WHAT YOU SHOULD DO: Each line from the one containing "text Ter implementatie van artikel 59, eerste" through the final line below must be reproduced exactly, and no others.

DATASET RECORDS:
┄┄┄┄┄┄

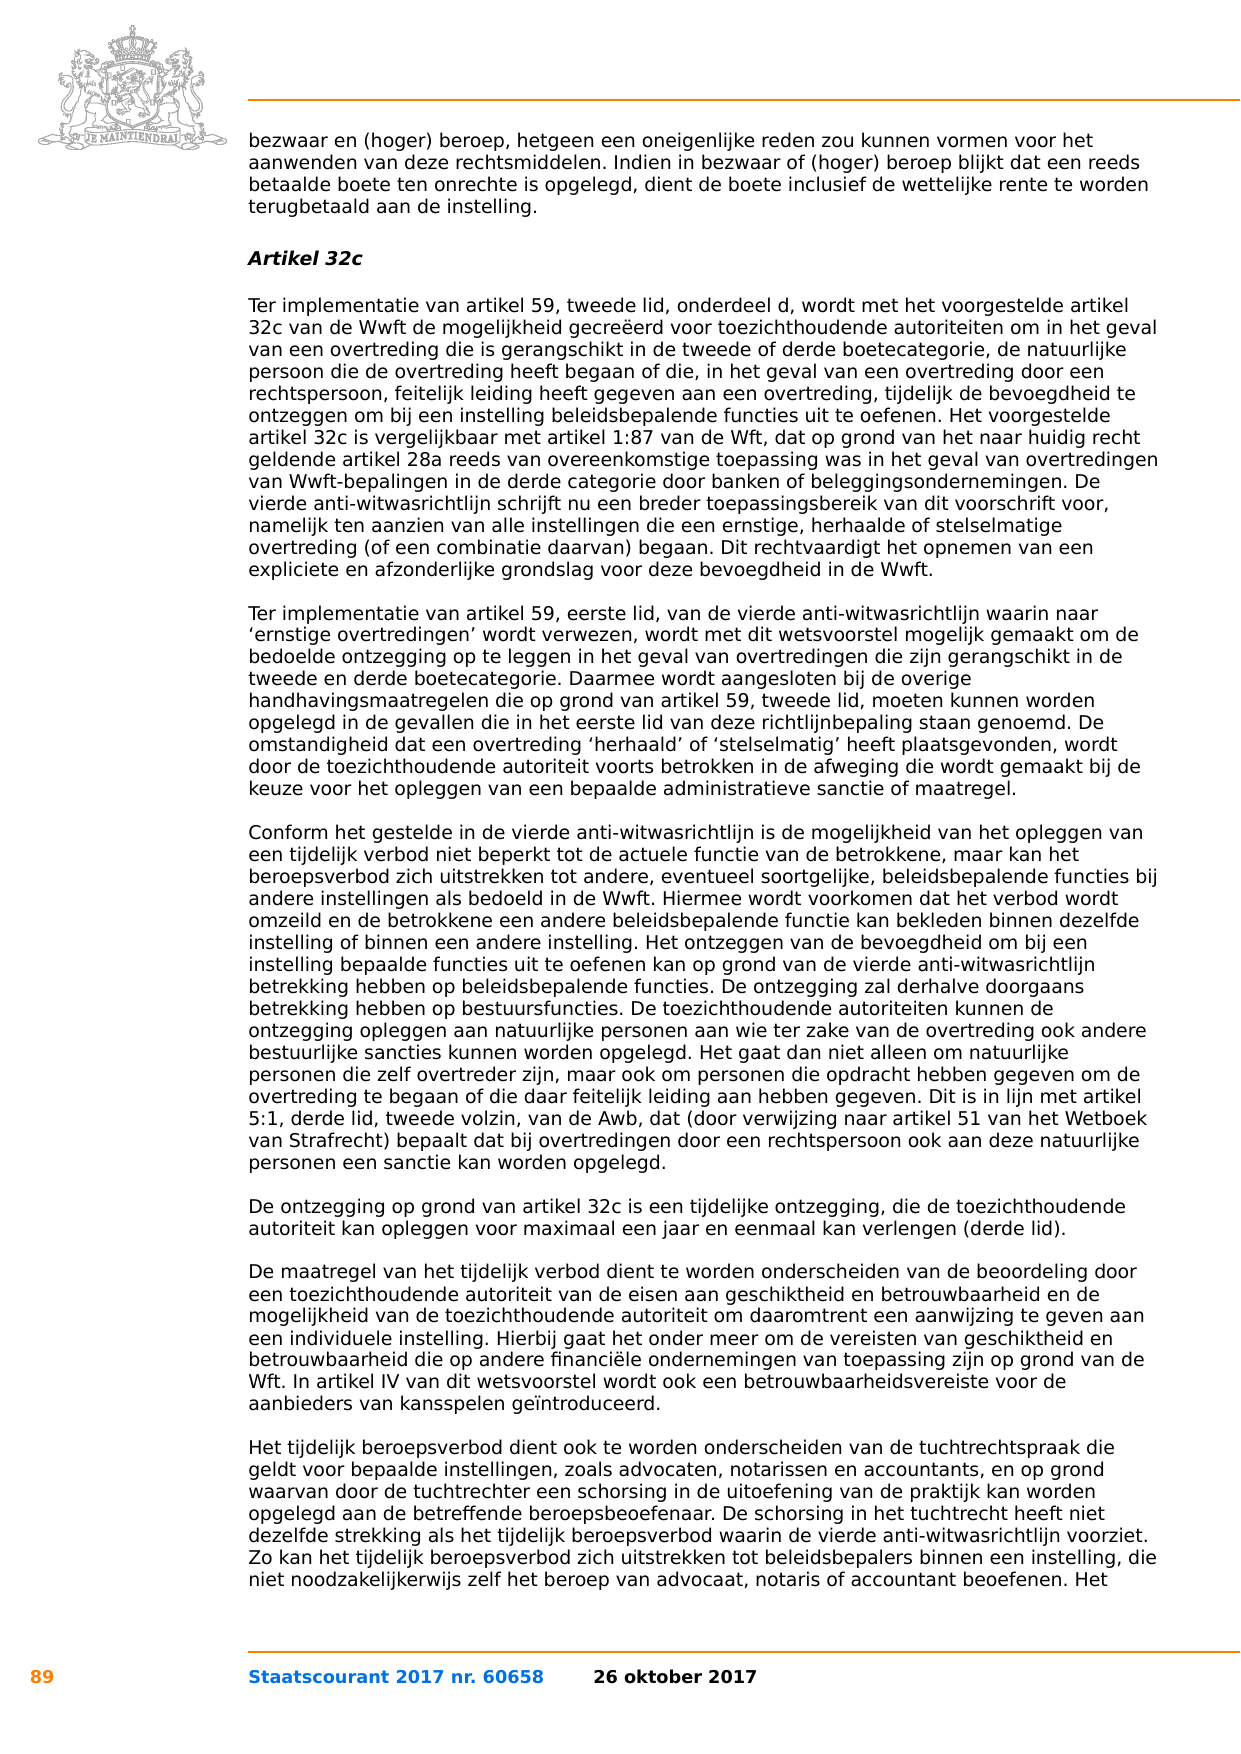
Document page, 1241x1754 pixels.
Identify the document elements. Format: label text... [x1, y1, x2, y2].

text Het tijdelijk beroepsverbod dient ook te worden onderscheiden van de tuchtrechtspraak die geldt voor bepaalde instellingen, zoals advocaten, notarissen en accountants, en op grond waarvan door de tuchtrechter een schorsing in de uitoefening van de praktijk kan worden opgelegd aan de betreffende beroepsbeoefenaar. De schorsing in het tuchtrecht heeft niet dezelfde strekking als het tijdelijk beroepsverbod waarin de vierde anti-witwasrichtlijn voorziet. Zo kan het tijdelijk beroepsverbod zich uitstrekken tot beleidsbepalers binnen een instelling, die niet noodzakelijkerwijs zelf het beroep van advocaat, notaris of accountant beoefenen. Het [248, 1437, 1163, 1591]
text De ontzegging op grond van artikel 32c is een tijdelijke ontzegging, die de toezichthoudende autoriteit kan opleggen voor maximaal een jaar en eenmaal kan verlengen (derde lid). [248, 1196, 1163, 1239]
text De maatregel van het tijdelijk verbod dient te worden onderscheiden van de beoordeling door een toezichthoudende autoriteit van de eisen aan geschiktheid en betrouwbaarheid en de mogelijkheid van de toezichthoudende autoriteit om daaromtrent een aanwijzing te geven aan een individuele instelling. Hierbij gaat het onder meer om de vereisten van geschiktheid en betrouwbaarheid die op andere financiële ondernemingen van toepassing zijn op grond van de Wft. In artikel IV van dit wetsvoorstel wordt ook een betrouwbaarheidsvereiste voor de aanbieders van kansspelen geïntroduceerd. [248, 1261, 1163, 1415]
text Conform het gestelde in de vierde anti-witwasrichtlijn is de mogelijkheid van het opleggen van een tijdelijk verbod niet beperkt tot de actuele functie van de betrokkene, maar kan het beroepsverbod zich uitstrekken tot andere, eventueel soortgelijke, beleidsbepalende functies bij andere instellingen als bedoeld in de Wwft. Hiermee wordt voorkomen dat het verbod wordt omzeild en de betrokkene een andere beleidsbepalende functie kan bekleden binnen dezelfde instelling of binnen een andere instelling. Het ontzeggen van de bevoegdheid om bij een instelling bepaalde functies uit te oefenen kan op grond van de vierde anti-witwasrichtlijn betrekking hebben op beleidsbepalende functies. De ontzegging zal derhalve doorgaans betrekking hebben op bestuursfuncties. De toezichthoudende autoriteiten kunnen de ontzegging opleggen aan natuurlijke personen aan wie ter zake van de overtreding ook andere bestuurlijke sancties kunnen worden opgelegd. Het gaat dan niet alleen om natuurlijke personen die zelf overtreder zijn, maar ook om personen die opdracht hebben gegeven om de overtreding te begaan of die daar feitelijk leiding aan hebben gegeven. Dit is in lijn met artikel 5:1, derde lid, tweede volzin, van de Awb, dat (door verwijzing naar artikel 51 van het Wetboek van Strafrecht) bepaalt dat bij overtredingen door een rechtspersoon ook aan deze natuurlijke personen een sanctie kan worden opgelegd. [248, 822, 1163, 1174]
text bezwaar en (hoger) beroep, hetgeen een oneigenlijke reden zou kunnen vormen voor het aanwenden van deze rechtsmiddelen. Indien in bezwaar of (hoger) beroep blijkt dat een reeds betaalde boete ten onrechte is opgelegd, dient de boete inclusief de wettelijke rente te worden terugbetaald aan de instelling. [248, 130, 1163, 218]
text Ter implementatie van artikel 59, tweede lid, onderdeel d, wordt met het voorgestelde artikel 32c van de Wwft de mogelijkheid gecreëerd voor toezichthoudende autoriteiten om in het geval van een overtreding die is gerangschikt in de tweede of derde boetecategorie, de natuurlijke persoon die de overtreding heeft begaan of die, in het geval van een overtreding door een rechtspersoon, feitelijk leiding heeft gegeven aan een overtreding, tijdelijk de bevoegdheid te ontzeggen om bij een instelling beleidsbepalende functies uit te oefenen. Het voorgestelde artikel 32c is vergelijkbaar met artikel 1:87 van de Wft, dat op grond van het naar huidig recht geldende artikel 28a reeds van overeenkomstige toepassing was in het geval van overtredingen van Wwft-bepalingen in de derde categorie door banken of beleggingsondernemingen. De vierde anti-witwasrichtlijn schrijft nu een breder toepassingsbereik van dit voorschrift voor, namelijk ten aanzien van alle instellingen die een ernstige, herhaalde of stelselmatige overtreding (of een combinatie daarvan) begaan. Dit rechtvaardigt het opnemen van een expliciete en afzonderlijke grondslag voor deze bevoegdheid in de Wwft. [248, 295, 1163, 581]
picture [38, 25, 227, 150]
text Ter implementatie van artikel 59, eerste lid, van de vierde anti-witwasrichtlijn waarin naar ‘ernstige overtredingen’ wordt verwezen, wordt met dit wetsvoorstel mogelijk gemaakt om de bedoelde ontzegging op te leggen in het geval van overtredingen die zijn gerangschikt in de tweede en derde boetecategorie. Daarmee wordt aangesloten bij de overige handhavingsmaatregelen die op grond van artikel 59, tweede lid, moeten kunnen worden opgelegd in de gevallen die in het eerste lid van deze richtlijnbepaling staan genoemd. De omstandigheid dat een overtreding ‘herhaald’ of ‘stelselmatig’ heeft plaatsgevonden, wordt door de toezichthoudende autoriteit voorts betrokken in de afweging die wordt gemaakt bij de keuze voor het opleggen van een bepaalde administratieve sanctie of maatregel. [248, 602, 1163, 800]
subtitle Artikel 32c [248, 248, 1163, 270]

┄┄┄┄┄┄

FINISHED EXERCISE:
text Ter implementatie van artikel 59, eerste lid, van de vierde anti-witwasrichtlijn waarin naar ‘ernstige overtredingen’ wordt verwezen, wordt met dit wetsvoorstel mogelijk gemaakt om de bedoelde ontzegging op te leggen in het geval van overtredingen die zijn gerangschikt in de tweede en derde boetecategorie. Daarmee wordt aangesloten bij de overige handhavingsmaatregelen die op grond van artikel 59, tweede lid, moeten kunnen worden opgelegd in de gevallen die in het eerste lid van deze richtlijnbepaling staan genoemd. De omstandigheid dat een overtreding ‘herhaald’ of ‘stelselmatig’ heeft plaatsgevonden, wordt door de toezichthoudende autoriteit voorts betrokken in de afweging die wordt gemaakt bij de keuze voor het opleggen van een bepaalde administratieve sanctie of maatregel. [248, 602, 1163, 800]
subtitle Artikel 32c [248, 248, 1163, 270]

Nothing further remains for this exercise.